What the exercise asks:
Reproduce the entries below exactly, but leave the pictures out.

Task inputs:
====================
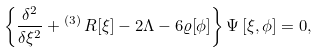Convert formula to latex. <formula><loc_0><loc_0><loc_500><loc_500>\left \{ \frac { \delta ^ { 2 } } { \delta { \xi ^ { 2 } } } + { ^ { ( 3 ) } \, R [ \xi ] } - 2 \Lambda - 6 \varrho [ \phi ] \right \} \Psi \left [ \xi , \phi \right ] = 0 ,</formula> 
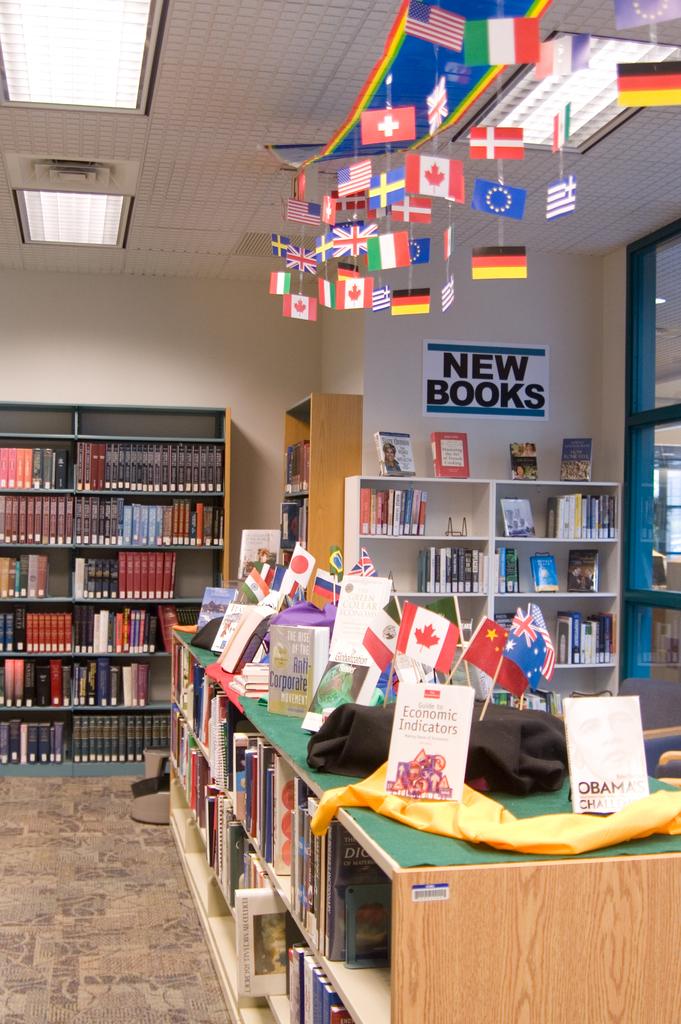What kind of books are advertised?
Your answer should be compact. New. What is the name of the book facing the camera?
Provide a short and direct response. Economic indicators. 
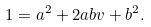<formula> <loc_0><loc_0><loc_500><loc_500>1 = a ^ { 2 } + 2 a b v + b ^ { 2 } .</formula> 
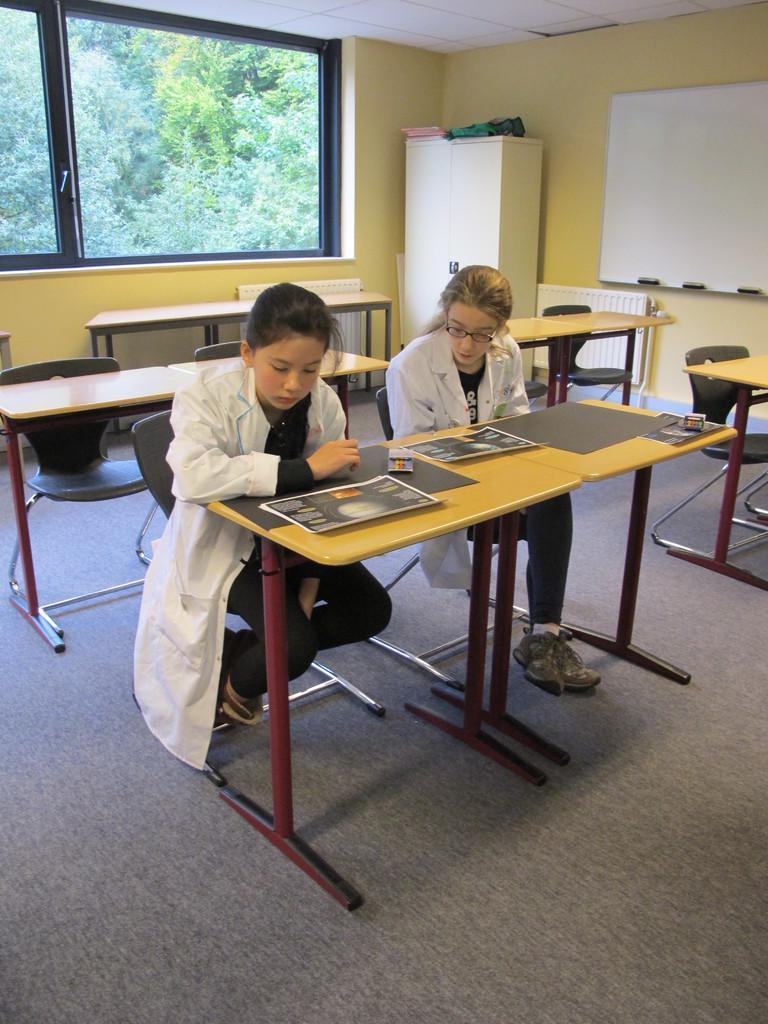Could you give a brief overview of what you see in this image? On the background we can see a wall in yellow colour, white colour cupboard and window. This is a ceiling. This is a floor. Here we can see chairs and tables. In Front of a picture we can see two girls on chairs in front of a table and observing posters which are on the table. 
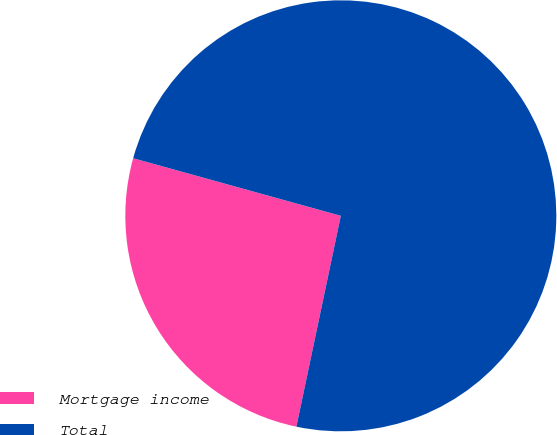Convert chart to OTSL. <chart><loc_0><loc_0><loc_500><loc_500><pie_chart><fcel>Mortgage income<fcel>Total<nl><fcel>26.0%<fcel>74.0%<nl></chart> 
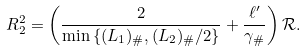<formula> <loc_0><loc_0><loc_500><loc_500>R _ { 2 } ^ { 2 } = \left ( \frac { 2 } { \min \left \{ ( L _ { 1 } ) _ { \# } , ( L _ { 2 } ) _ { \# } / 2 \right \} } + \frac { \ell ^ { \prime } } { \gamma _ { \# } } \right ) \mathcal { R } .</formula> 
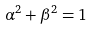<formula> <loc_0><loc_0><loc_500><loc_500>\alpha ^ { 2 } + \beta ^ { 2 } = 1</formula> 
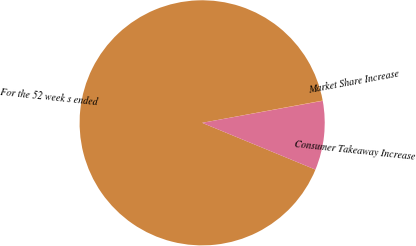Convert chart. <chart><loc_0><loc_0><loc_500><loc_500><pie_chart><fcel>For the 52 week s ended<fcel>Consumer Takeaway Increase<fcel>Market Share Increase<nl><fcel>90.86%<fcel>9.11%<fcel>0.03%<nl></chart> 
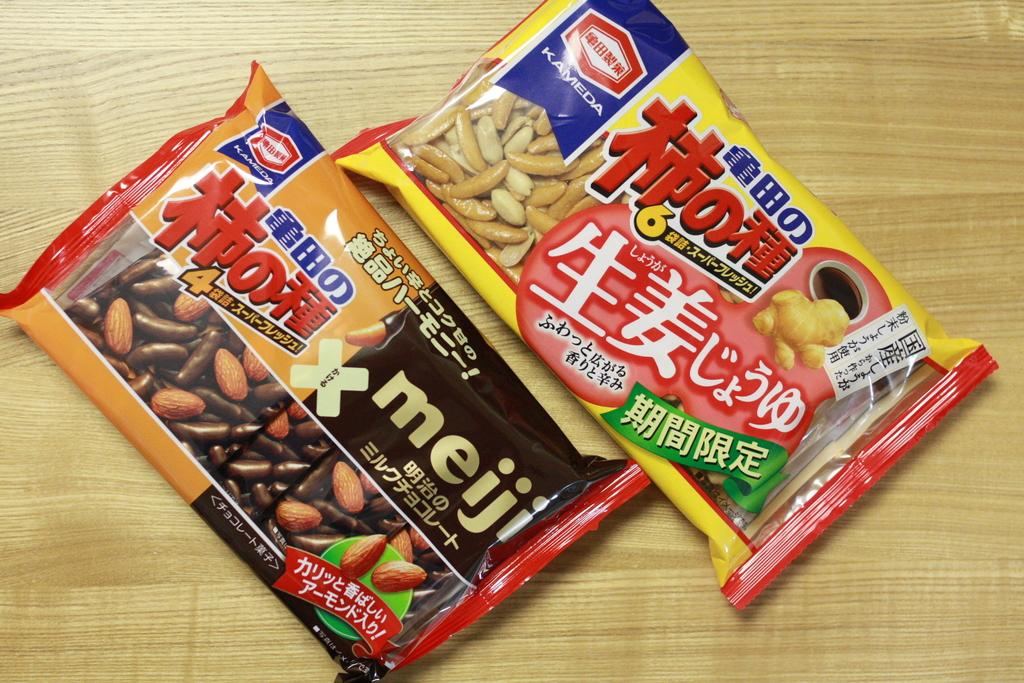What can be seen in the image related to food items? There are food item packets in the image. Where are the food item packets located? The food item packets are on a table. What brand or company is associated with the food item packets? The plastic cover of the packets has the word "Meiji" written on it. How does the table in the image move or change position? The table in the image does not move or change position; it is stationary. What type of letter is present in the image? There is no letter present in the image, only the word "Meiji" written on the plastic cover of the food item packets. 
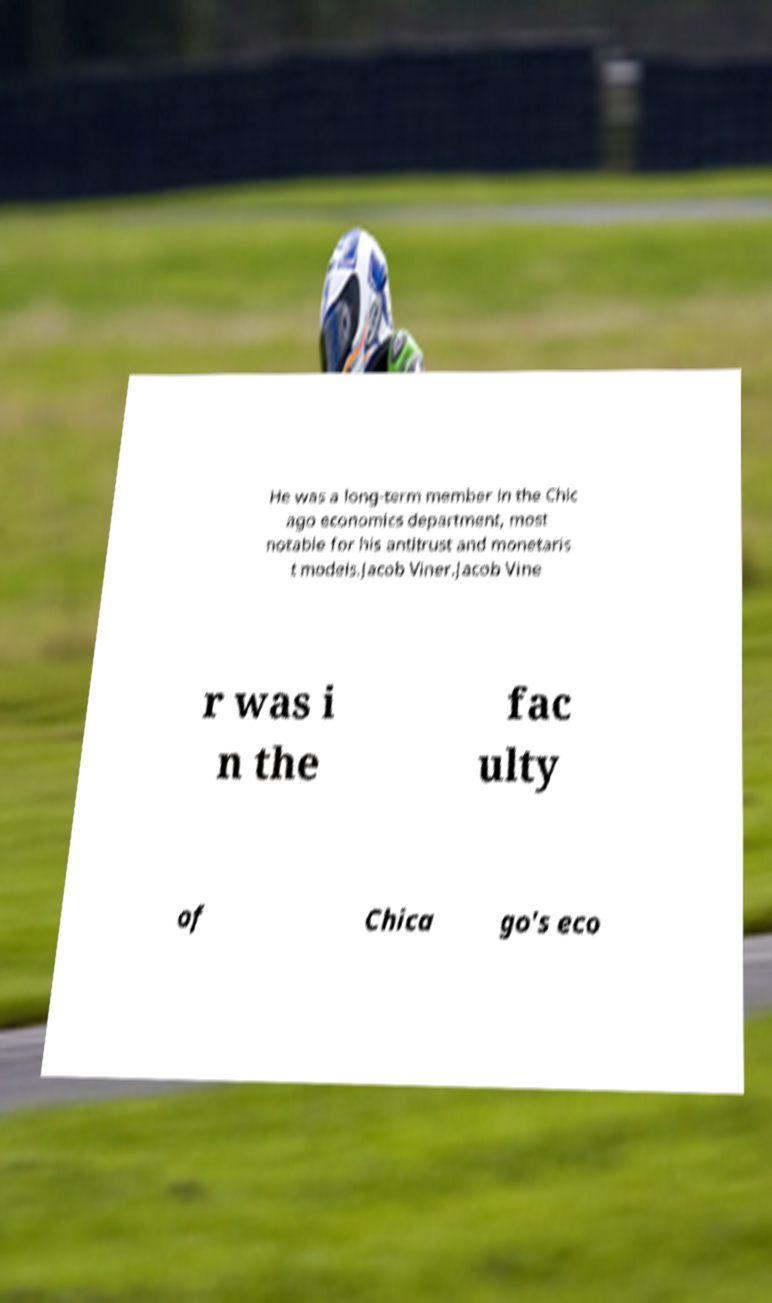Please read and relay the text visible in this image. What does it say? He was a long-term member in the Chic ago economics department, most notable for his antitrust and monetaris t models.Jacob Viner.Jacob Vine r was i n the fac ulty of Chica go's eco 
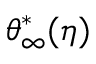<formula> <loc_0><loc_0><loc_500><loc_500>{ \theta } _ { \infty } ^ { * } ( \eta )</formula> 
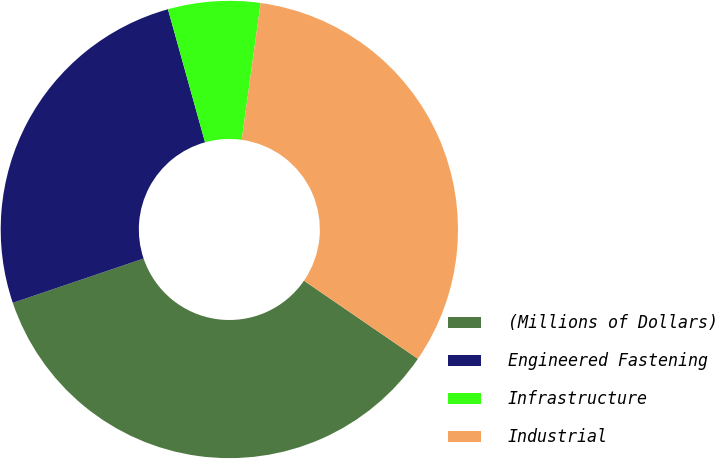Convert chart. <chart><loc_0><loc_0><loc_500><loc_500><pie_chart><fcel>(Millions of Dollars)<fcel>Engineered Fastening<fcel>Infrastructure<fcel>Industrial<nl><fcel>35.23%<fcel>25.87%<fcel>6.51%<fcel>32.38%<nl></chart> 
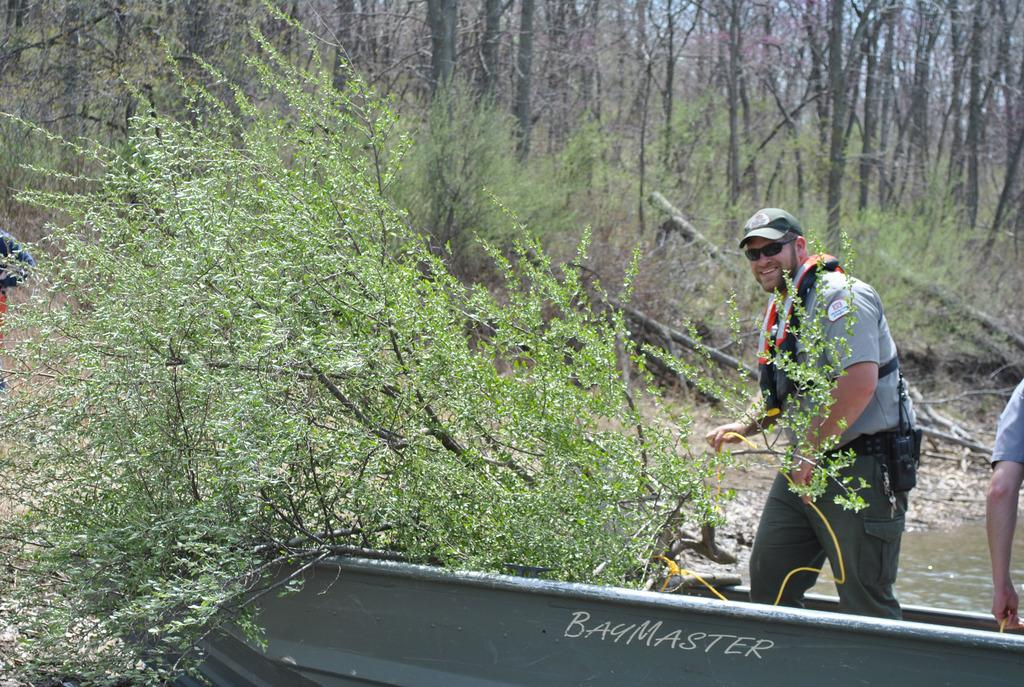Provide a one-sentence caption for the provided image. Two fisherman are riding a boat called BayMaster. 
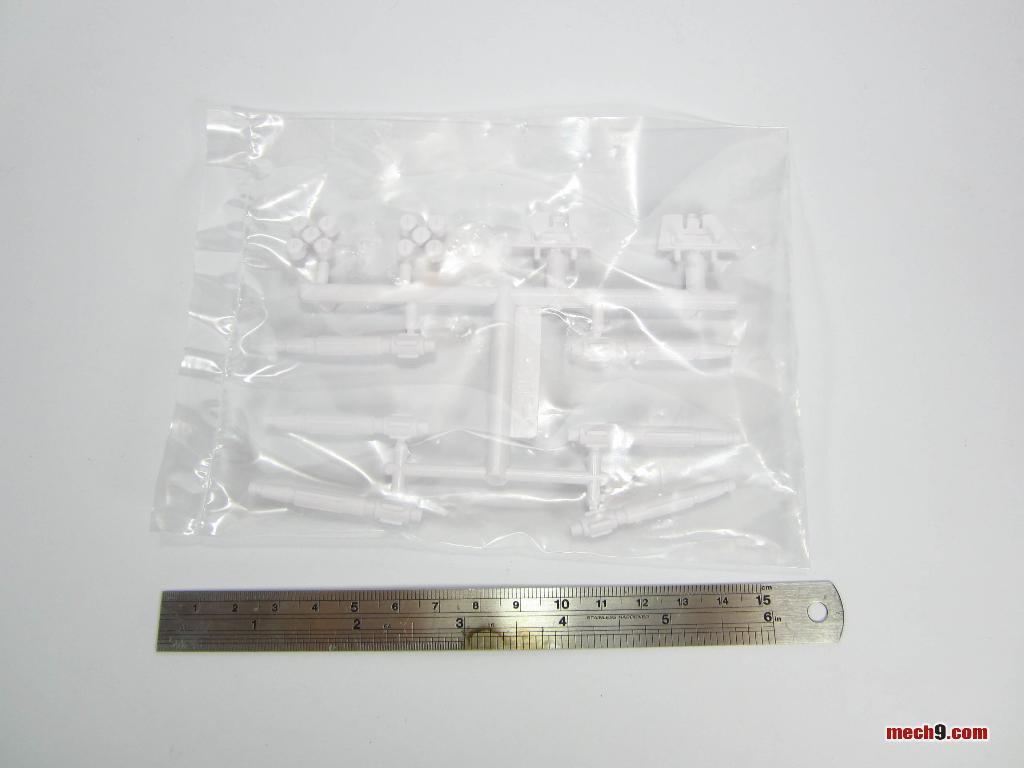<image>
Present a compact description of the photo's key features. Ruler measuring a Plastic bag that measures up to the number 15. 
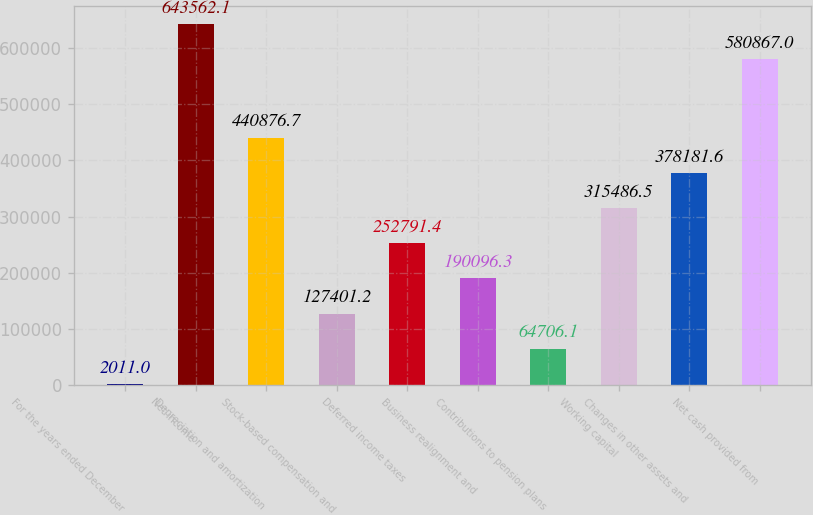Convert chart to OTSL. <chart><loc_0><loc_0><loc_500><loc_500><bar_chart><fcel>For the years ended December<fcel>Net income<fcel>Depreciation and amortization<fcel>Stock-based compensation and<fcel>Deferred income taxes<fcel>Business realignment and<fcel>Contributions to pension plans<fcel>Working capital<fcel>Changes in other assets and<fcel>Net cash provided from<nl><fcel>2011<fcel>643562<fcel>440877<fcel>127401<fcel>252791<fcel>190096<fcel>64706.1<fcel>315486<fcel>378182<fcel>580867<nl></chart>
====================
Expected answer:
Convert formula to latex. <formula><loc_0><loc_0><loc_500><loc_500>\left \{ \frac { \delta ^ { 2 } } { \delta { \xi ^ { 2 } } } + { ^ { ( 3 ) } \, R [ \xi ] } - 2 \Lambda - 6 \varrho [ \phi ] \right \} \Psi \left [ \xi , \phi \right ] = 0 ,</formula> 
What kind of books are advertised?
Your answer should be compact. New. What is the name of the book facing the camera?
Provide a short and direct response. Economic indicators. 
<formula> <loc_0><loc_0><loc_500><loc_500>1 = a ^ { 2 } + 2 a b v + b ^ { 2 } .</formula> 
Could you give a brief overview of what you see in this image? On the background we can see a wall in yellow colour, white colour cupboard and window. This is a ceiling. This is a floor. Here we can see chairs and tables. In Front of a picture we can see two girls on chairs in front of a table and observing posters which are on the table. 
Convert chart to OTSL. <chart><loc_0><loc_0><loc_500><loc_500><pie_chart><fcel>Mortgage income<fcel>Total<nl><fcel>26.0%<fcel>74.0%<nl></chart> 
<formula> <loc_0><loc_0><loc_500><loc_500>R _ { 2 } ^ { 2 } = \left ( \frac { 2 } { \min \left \{ ( L _ { 1 } ) _ { \# } , ( L _ { 2 } ) _ { \# } / 2 \right \} } + \frac { \ell ^ { \prime } } { \gamma _ { \# } } \right ) \mathcal { R } .</formula> 
<formula> <loc_0><loc_0><loc_500><loc_500>\alpha ^ { 2 } + \beta ^ { 2 } = 1</formula> 
Convert chart. <chart><loc_0><loc_0><loc_500><loc_500><pie_chart><fcel>For the 52 week s ended<fcel>Consumer Takeaway Increase<fcel>Market Share Increase<nl><fcel>90.86%<fcel>9.11%<fcel>0.03%<nl></chart> 
What can be seen in the image related to food items? There are food item packets in the image. Where are the food item packets located? The food item packets are on a table. What brand or company is associated with the food item packets? The plastic cover of the packets has the word "Meiji" written on it. How does the table in the image move or change position? The table in the image does not move or change position; it is stationary. What type of letter is present in the image? There is no letter present in the image, only the word "Meiji" written on the plastic cover of the food item packets. 
Please read and relay the text visible in this image. What does it say? He was a long-term member in the Chic ago economics department, most notable for his antitrust and monetaris t models.Jacob Viner.Jacob Vine r was i n the fac ulty of Chica go's eco 
<formula> <loc_0><loc_0><loc_500><loc_500>{ \theta } _ { \infty } ^ { * } ( \eta )</formula> 
Convert chart. <chart><loc_0><loc_0><loc_500><loc_500><pie_chart><fcel>(Millions of Dollars)<fcel>Engineered Fastening<fcel>Infrastructure<fcel>Industrial<nl><fcel>35.23%<fcel>25.87%<fcel>6.51%<fcel>32.38%<nl></chart> 
Provide a one-sentence caption for the provided image. Two fisherman are riding a boat called BayMaster. 
<image>
Present a compact description of the photo's key features. Ruler measuring a Plastic bag that measures up to the number 15. 
Convert chart to OTSL. <chart><loc_0><loc_0><loc_500><loc_500><bar_chart><fcel>For the years ended December<fcel>Net income<fcel>Depreciation and amortization<fcel>Stock-based compensation and<fcel>Deferred income taxes<fcel>Business realignment and<fcel>Contributions to pension plans<fcel>Working capital<fcel>Changes in other assets and<fcel>Net cash provided from<nl><fcel>2011<fcel>643562<fcel>440877<fcel>127401<fcel>252791<fcel>190096<fcel>64706.1<fcel>315486<fcel>378182<fcel>580867<nl></chart>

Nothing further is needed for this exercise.